Peter Wilby’s First Thoughts.

Michael Gove has won praise for sending his ten-year-old daughter to Grey Coat Hospital, a girls’ comprehensive in Westminster. It is refreshing that a Tory education secretary has opted for a multi-ethnic urban school (nearly 30 per cent of its pupils don’t have English as their first language) and that his wife, the Daily Mail columnist Sarah Vine, has written about “the miracle of our state education system . . . [which] welcomes all-comers”. Vine admits that “snobbery” (her word) plays a part when parents choose fee-charging schools. They are “paying for their child to mix with the right kind of kids”.

While giving the Goves due credit, we should note that they aren’t exactly sending their child to the neighbourhood comprehensive. She will travel more than five miles from their home in west London, bypassing several other comprehensives rated “outstanding” by Ofsted.

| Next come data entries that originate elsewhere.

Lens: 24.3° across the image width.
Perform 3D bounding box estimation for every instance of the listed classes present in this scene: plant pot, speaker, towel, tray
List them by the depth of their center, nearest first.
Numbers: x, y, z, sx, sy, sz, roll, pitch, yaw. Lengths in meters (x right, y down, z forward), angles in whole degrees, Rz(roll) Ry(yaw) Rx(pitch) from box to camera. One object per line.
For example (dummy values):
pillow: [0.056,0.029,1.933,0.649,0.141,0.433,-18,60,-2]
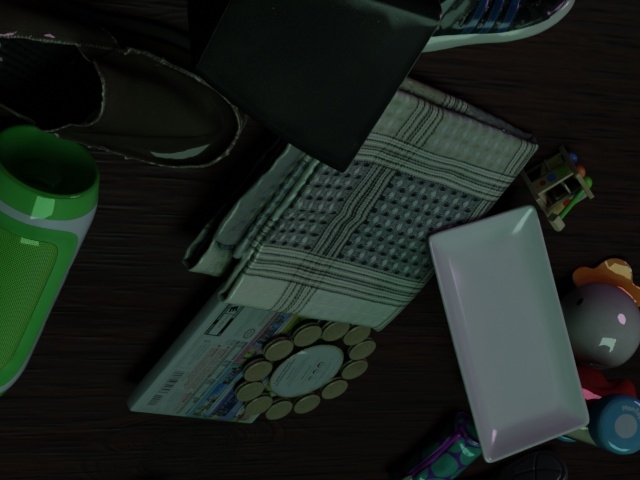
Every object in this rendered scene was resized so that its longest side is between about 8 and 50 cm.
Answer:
plant pot: [-0.020,-0.206,1.346,0.167,0.187,0.188,17,126,-21]
speaker: [-0.320,0.029,1.485,0.131,0.131,0.296,7,130,-30]
towel: [0.050,-0.034,1.615,0.324,0.056,0.312,17,122,-42]
tray: [0.212,0.105,1.707,0.145,0.030,0.270,-17,96,-20]

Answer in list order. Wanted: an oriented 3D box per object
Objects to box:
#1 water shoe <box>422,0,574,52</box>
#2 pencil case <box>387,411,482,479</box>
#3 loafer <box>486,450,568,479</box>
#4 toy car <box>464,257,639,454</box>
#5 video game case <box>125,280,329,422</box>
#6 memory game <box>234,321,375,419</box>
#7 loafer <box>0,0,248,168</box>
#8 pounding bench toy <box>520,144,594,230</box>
water shoe: [0.158,-0.240,1.459,0.203,0.073,0.080,-15,136,-10]
pencil case: [0.161,0.301,2.031,0.151,0.064,0.070,-47,150,23]
loafer: [0.235,0.393,2.144,0.268,0.096,0.084,-22,145,-5]
toy car: [0.318,0.129,1.871,0.210,0.219,0.238,20,83,-9]
video game case: [-0.097,0.136,1.757,0.193,0.023,0.212,13,127,-43]
memory game: [-0.018,0.156,1.803,0.186,0.012,0.186,-19,145,-14]
loafer: [-0.217,-0.133,1.356,0.366,0.130,0.134,18,124,-37]
pounding bench toy: [0.279,-0.056,1.696,0.065,0.083,0.052,-32,138,10]
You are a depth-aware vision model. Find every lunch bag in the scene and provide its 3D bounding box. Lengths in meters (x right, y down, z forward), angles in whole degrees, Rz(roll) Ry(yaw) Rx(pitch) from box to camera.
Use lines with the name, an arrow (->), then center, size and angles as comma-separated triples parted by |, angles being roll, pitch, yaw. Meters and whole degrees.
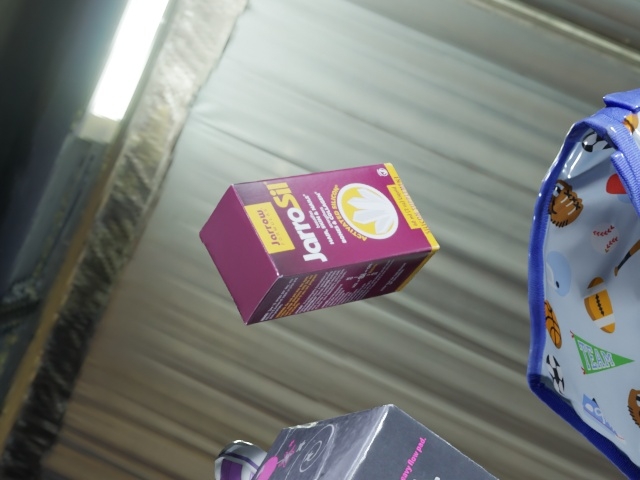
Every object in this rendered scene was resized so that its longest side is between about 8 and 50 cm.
lunch bag -> 0.383, -0.001, 1.110 | 0.328, 0.239, 0.385 | -23, -53, -22

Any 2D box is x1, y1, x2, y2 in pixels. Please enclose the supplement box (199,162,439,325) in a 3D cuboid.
supplement box -> 0.000, 0.000, 1.065 | 0.188, 0.104, 0.081 | -10, -29, -37

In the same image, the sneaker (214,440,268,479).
sneaker -> -0.075, 0.311, 1.190 | 0.161, 0.102, 0.282 | -41, 27, -15

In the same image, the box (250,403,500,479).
box -> -0.004, 0.223, 0.571 | 0.247, 0.142, 0.163 | -56, 10, -23
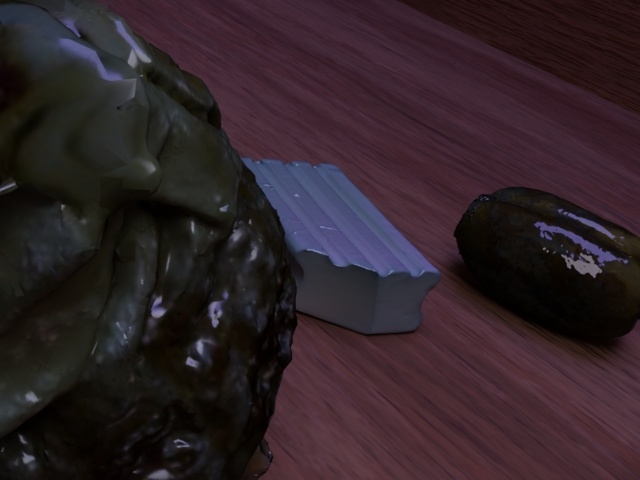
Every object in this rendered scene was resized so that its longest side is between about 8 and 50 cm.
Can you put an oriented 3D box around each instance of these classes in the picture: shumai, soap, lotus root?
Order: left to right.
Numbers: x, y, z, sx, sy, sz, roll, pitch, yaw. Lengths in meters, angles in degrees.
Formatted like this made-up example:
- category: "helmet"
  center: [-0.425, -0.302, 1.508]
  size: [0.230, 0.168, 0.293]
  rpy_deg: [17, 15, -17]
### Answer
- category: "shumai"
  center: [-0.179, -0.005, 0.561]
  size: [0.396, 0.348, 0.394]
  rpy_deg: [5, 57, -7]
- category: "soap"
  center: [0.000, 0.000, 1.062]
  size: [0.173, 0.095, 0.289]
  rpy_deg: [1, 31, -31]
- category: "lotus root"
  center: [0.305, 0.030, 1.116]
  size: [0.275, 0.160, 0.152]
  rpy_deg: [30, 53, 27]

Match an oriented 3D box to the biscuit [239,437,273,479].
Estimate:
- category: "biscuit"
  center: [-0.112, 0.158, 0.732]
  size: [0.118, 0.061, 0.183]
  rpy_deg: [8, 26, -14]

More important, you need nifty footwork to get your child into Grey Coat. It is not only a Church of England school but also a specialist language school, which admits 10 per cent of its children after an “aptitude” test. It is hugely oversubscribed, with more than six applicants for each place, and the criteria for choosing the lucky ones are exceedingly complex.

More than two-thirds of places are reserved for Christian applicants who have attended church with their family weekly for five years. The child must also acquire “points” from baptism, confirmation, Sunday school attendance and “a role in public worship”. Parents, too, must accumulate points from, say, “elected office in the church” and “practical involvement”.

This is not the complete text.